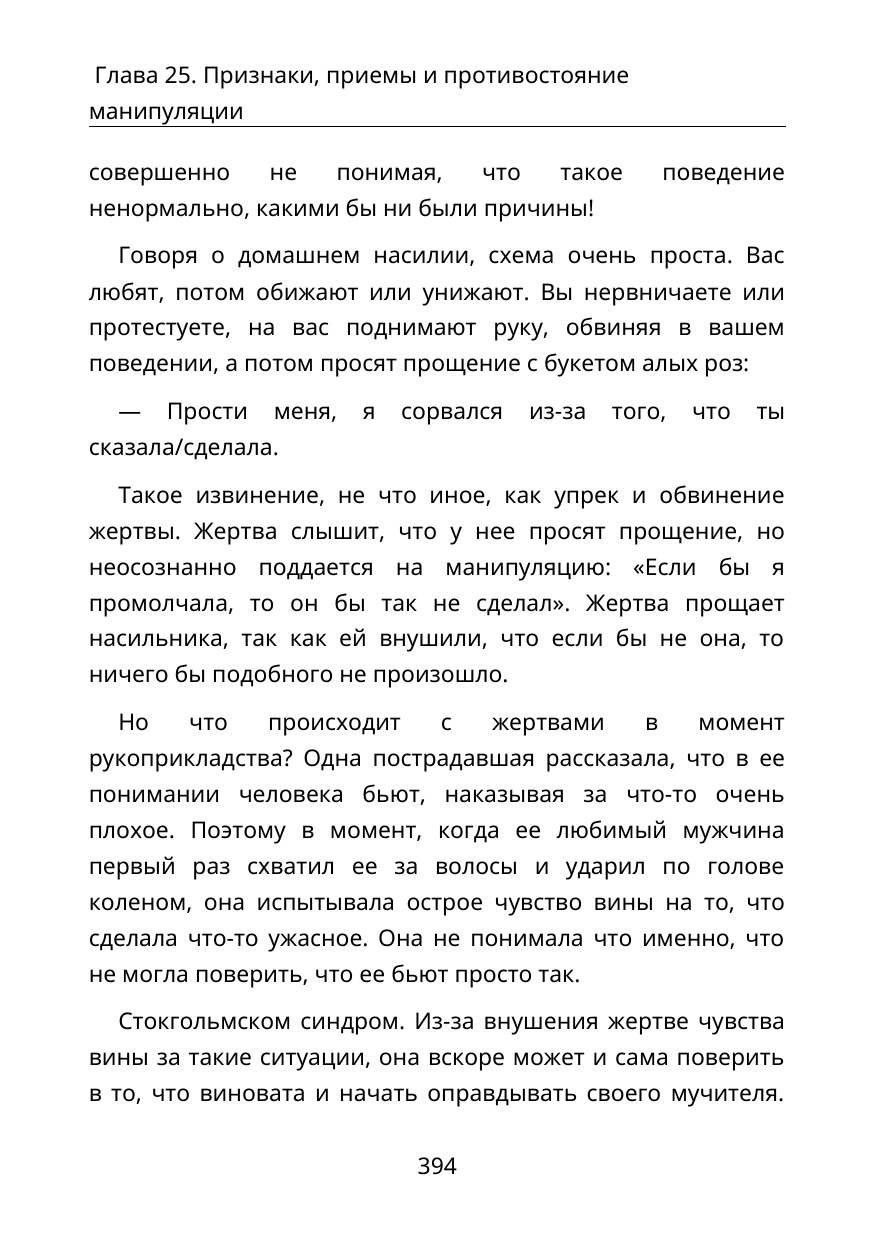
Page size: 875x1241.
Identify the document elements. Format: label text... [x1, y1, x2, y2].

text Стокгольмском синдром. Из-за внушения жертве чувства вины за такие ситуации, она вскоре может и сама поверить в то, что виновата и начать оправдывать своего мучителя. [88, 1005, 786, 1108]
text — Прости меня, я сорвался из-за того, что ты сказала/сделала. [88, 395, 786, 462]
text Но что происходит с жертвами в момент рукоприкладства? Одна пострадавшая рассказала, что в ее понимании человека бьют, наказывая за что-то очень плохое. Поэтому в момент, когда ее любимый мужчина первый раз схватил ее за волосы и ударил по голове коленом, она испытывала острое чувство вины на то, что сделала что-то ужасное. Она не понимала что именно, что не могла поверить, что ее бьют просто так. [88, 706, 786, 989]
text Говоря о домашнем насилии, схема очень проста. Вас любят, потом обижают или унижают. Вы нервничаете или протестуете, на вас поднимают руку, обвиняя в вашем поведении, а потом просят прощение с букетом алых роз: [88, 239, 786, 378]
text Такое извинение, не что иное, как упрек и обвинение жертвы. Жертва слышит, что у нее просят прощение, но неосознанно поддается на манипуляцию: «Если бы я промолчала, то он бы так не сделал». Жертва прощает насильника, так как ей внушили, что если бы не она, то ничего бы подобного не произошло. [88, 479, 786, 689]
text совершенно не понимая, что такое поведение ненормально, какими бы ни были причины! [88, 156, 786, 223]
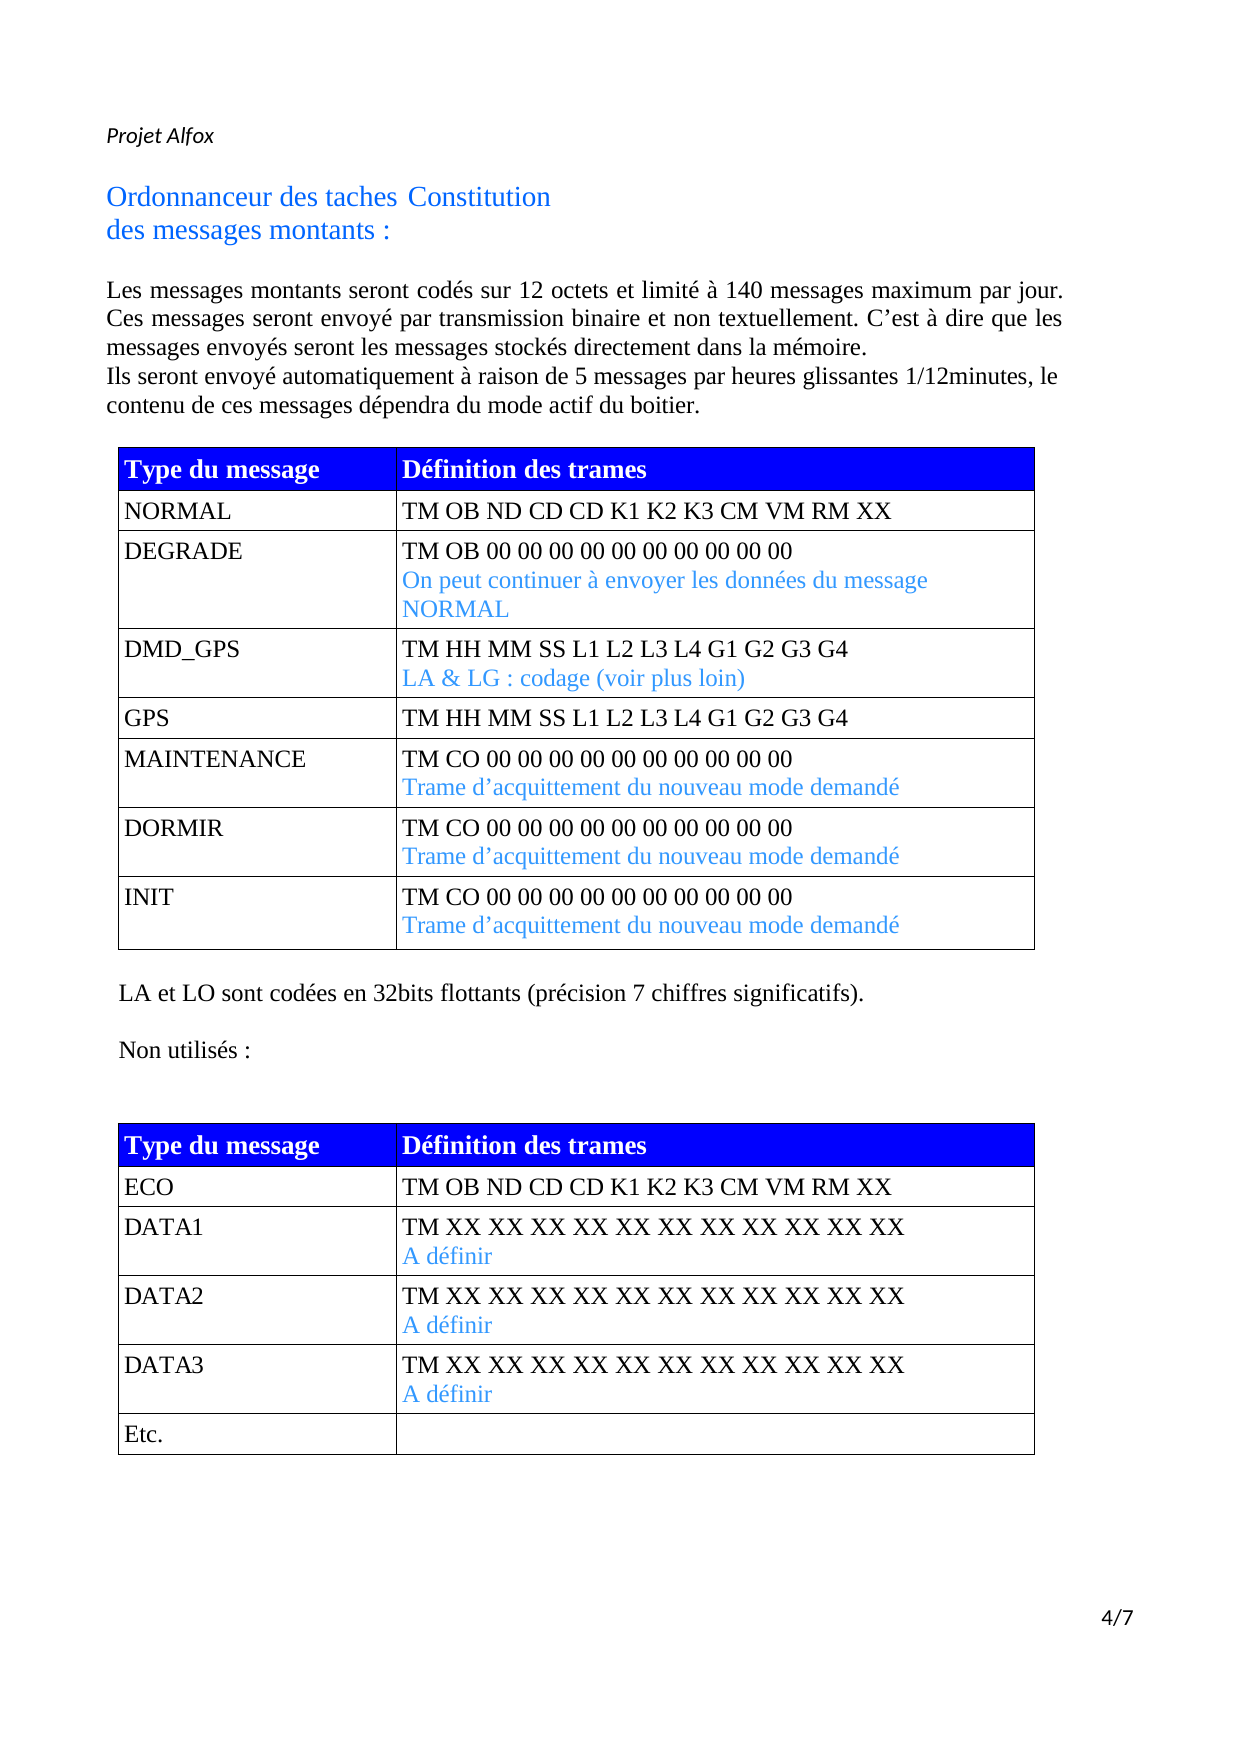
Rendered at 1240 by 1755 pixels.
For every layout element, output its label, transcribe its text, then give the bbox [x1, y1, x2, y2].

table_cell TM CO 00 00 00 00 00 00 00 00 00 00 Trame d’acquittement du nouveau mode demandé [397, 877, 1034, 949]
text Les messages montants seront codés sur 12 octets et limité à 140 messages maximum par jour. Ces messages seront envoyé par transmission binaire et non textuellement. C’est à dire que les messages envoyés seront les messages stockés directement dans la mémoire. [106, 275, 1064, 361]
text LA et LO sont codées en 32bits flottants (précision 7 chiffres significatifs). Non utilisés : [118, 978, 898, 1064]
table_cell TM OB 00 00 00 00 00 00 00 00 00 00 On peut continuer à envoyer les données du message NORMAL [397, 531, 1034, 628]
table_cell TM OB ND CD CD K1 K2 K3 CM VM RM XX [397, 1167, 1034, 1206]
table_header Définition des trames [397, 1124, 1034, 1166]
table_cell [397, 1414, 1034, 1453]
table_cell TM XX XX XX XX XX XX XX XX XX XX XX A définir [397, 1207, 1034, 1275]
table_cell NORMAL [119, 491, 396, 530]
table_cell TM HH MM SS L1 L2 L3 L4 G1 G2 G3 G4 LA & LG : codage (voir plus loin) [397, 629, 1034, 697]
table_header Type du message [119, 1124, 396, 1166]
table_cell TM CO 00 00 00 00 00 00 00 00 00 00 Trame d’acquittement du nouveau mode demandé [397, 739, 1034, 807]
table_cell DATA1 [119, 1207, 396, 1275]
table_cell TM XX XX XX XX XX XX XX XX XX XX XX A définir [397, 1276, 1034, 1344]
table_cell TM OB ND CD CD K1 K2 K3 CM VM RM XX [397, 491, 1034, 530]
table_cell DATA3 [119, 1345, 396, 1413]
table_header Type du message [119, 448, 396, 490]
table_cell INIT [119, 877, 396, 949]
table_header Définition des trames [397, 448, 1034, 490]
table_cell MAINTENANCE [119, 739, 396, 807]
subtitle Ordonnanceur des taches Constitution des messages montants : [106, 179, 552, 246]
table_cell ECO [119, 1167, 396, 1206]
table_cell DATA2 [119, 1276, 396, 1344]
table_cell DORMIR [119, 808, 396, 876]
table_cell TM CO 00 00 00 00 00 00 00 00 00 00 Trame d’acquittement du nouveau mode demandé [397, 808, 1034, 876]
table_cell GPS [119, 698, 396, 738]
text Ils seront envoyé automatiquement à raison de 5 messages par heures glissantes 1/12minutes, le contenu de ces messages dépendra du mode actif du boitier. [106, 361, 1067, 418]
table_cell DMD_GPS [119, 629, 396, 697]
table_cell TM XX XX XX XX XX XX XX XX XX XX XX A définir [397, 1345, 1034, 1413]
table_cell DEGRADE [119, 531, 396, 628]
table_cell Etc. [119, 1414, 396, 1453]
table_cell TM HH MM SS L1 L2 L3 L4 G1 G2 G3 G4 [397, 698, 1034, 738]
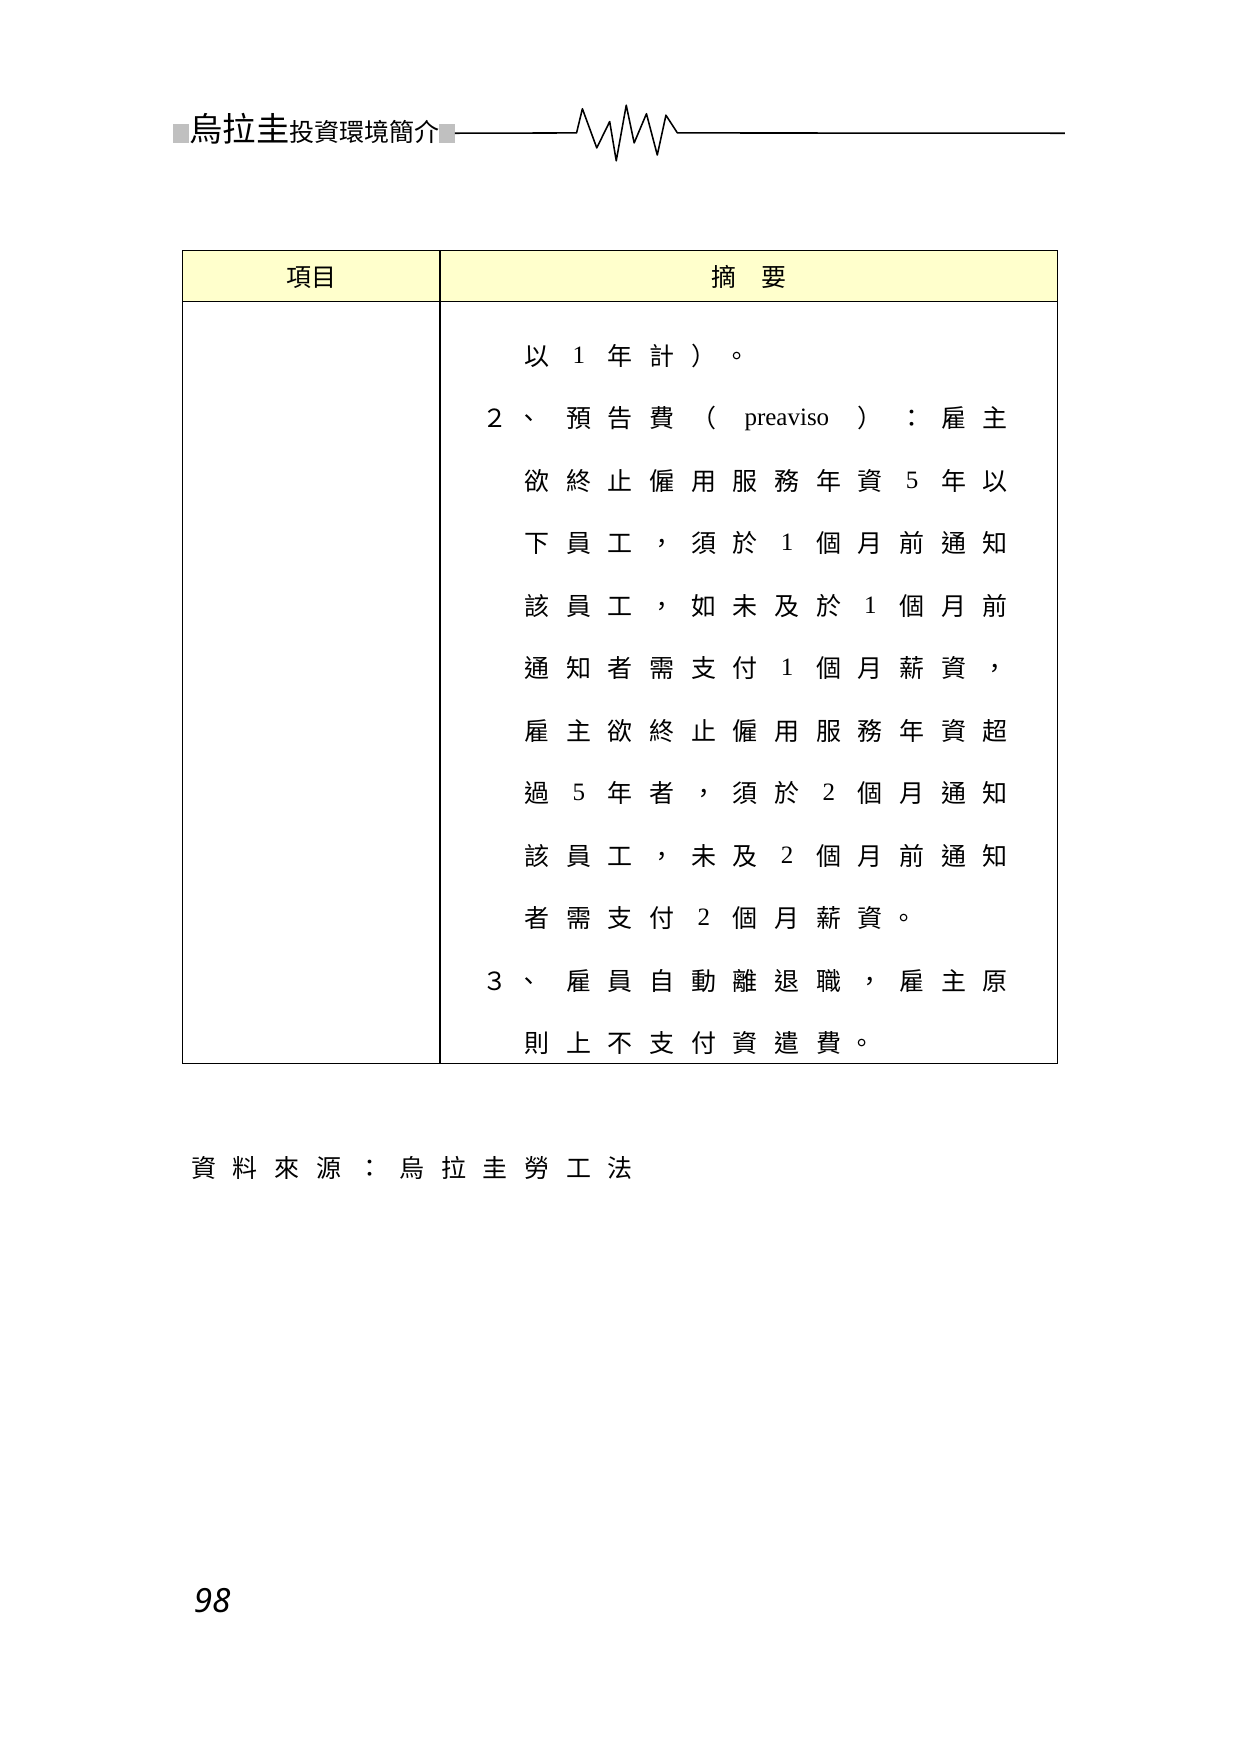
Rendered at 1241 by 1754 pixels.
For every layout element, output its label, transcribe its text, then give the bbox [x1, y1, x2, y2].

table_header 摘 要 [441, 251, 1057, 301]
table_cell [183, 302, 439, 1063]
table_cell 以1年計）。 ２、預告費（preaviso）：雇主欲終止僱用服務年資5年以下員工，須於1個月前通知該員工，如未及於1個月前通知者需支付1個月薪資，雇主欲終止僱用服務年資超過5年者，須於2個月通知該員工，未及2個月前通知者需支付2個月薪資。 ３、雇員自動離退職，雇主原則上不支付資遣費。 [441, 302, 1057, 1063]
text 資料來源：烏拉圭勞工法 [183, 1125, 1058, 1188]
table_header 項目 [183, 251, 439, 301]

===============

Task details:
Only the lines above starting at the one containing "table_header Type du message [119, 1124, 396, 1166]" and ending at the one containing "table_cell GPS [119, 698, 396, 738]", both included, are to be returned, exactly as they read.

Answer section:
table_header Type du message [119, 1124, 396, 1166]
table_cell TM CO 00 00 00 00 00 00 00 00 00 00 Trame d’acquittement du nouveau mode demandé [397, 739, 1034, 807]
table_cell DATA1 [119, 1207, 396, 1275]
table_cell TM XX XX XX XX XX XX XX XX XX XX XX A définir [397, 1276, 1034, 1344]
table_cell TM OB ND CD CD K1 K2 K3 CM VM RM XX [397, 491, 1034, 530]
table_cell DATA3 [119, 1345, 396, 1413]
table_header Type du message [119, 448, 396, 490]
table_cell INIT [119, 877, 396, 949]
table_header Définition des trames [397, 448, 1034, 490]
table_cell MAINTENANCE [119, 739, 396, 807]
subtitle Ordonnanceur des taches Constitution des messages montants : [106, 179, 552, 246]
table_cell ECO [119, 1167, 396, 1206]
table_cell DATA2 [119, 1276, 396, 1344]
table_cell DORMIR [119, 808, 396, 876]
table_cell TM CO 00 00 00 00 00 00 00 00 00 00 Trame d’acquittement du nouveau mode demandé [397, 808, 1034, 876]
table_cell GPS [119, 698, 396, 738]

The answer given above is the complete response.